### Brief
Search the data for the string "object" and gather each line it is in.

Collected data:
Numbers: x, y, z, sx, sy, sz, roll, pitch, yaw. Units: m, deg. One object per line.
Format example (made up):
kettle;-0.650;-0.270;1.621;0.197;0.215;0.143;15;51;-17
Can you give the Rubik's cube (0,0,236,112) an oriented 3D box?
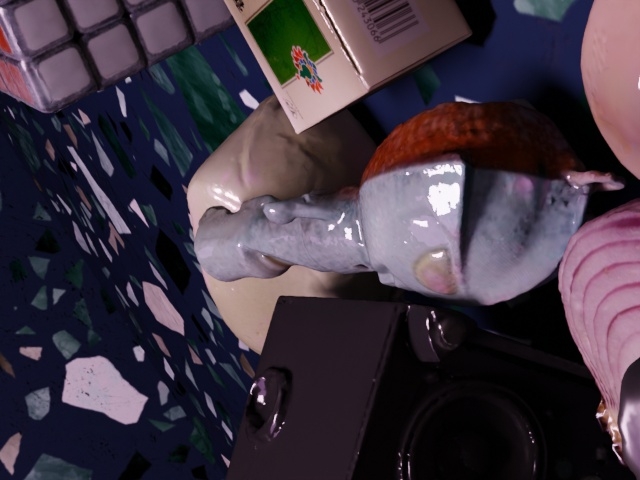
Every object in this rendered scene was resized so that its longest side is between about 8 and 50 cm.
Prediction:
Rubik's cube;-0.206;-0.270;1.138;0.237;0.237;0.238;29;146;57

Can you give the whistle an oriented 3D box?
whistle;0.051;-0.018;0.929;0.346;0.142;0.133;-7;96;43

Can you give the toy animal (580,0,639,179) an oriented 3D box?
toy animal;0.201;-0.064;0.488;0.221;0.210;0.229;120;151;-60

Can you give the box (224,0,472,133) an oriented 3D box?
box;-0.009;-0.199;0.972;0.212;0.095;0.168;61;163;-4

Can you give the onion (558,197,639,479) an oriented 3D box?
onion;0.245;0.064;0.691;0.227;0.120;0.283;62;164;-2

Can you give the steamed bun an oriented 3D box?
steamed bun;0.000;0.000;1.155;0.153;0.170;0.238;18;144;28

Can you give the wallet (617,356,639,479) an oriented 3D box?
wallet;0.295;0.065;0.330;0.406;0.062;0.228;-25;106;39

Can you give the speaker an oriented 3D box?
speaker;0.084;0.147;0.983;0.232;0.184;0.254;19;172;-20

### Answer to the problem
Numbers: x, y, z, sx, sy, sz, roll, pitch, yaw. Units: m, deg. One object per line.
Every object in this rendered scene was resized so that its longest side is between about 8 and 50 cm.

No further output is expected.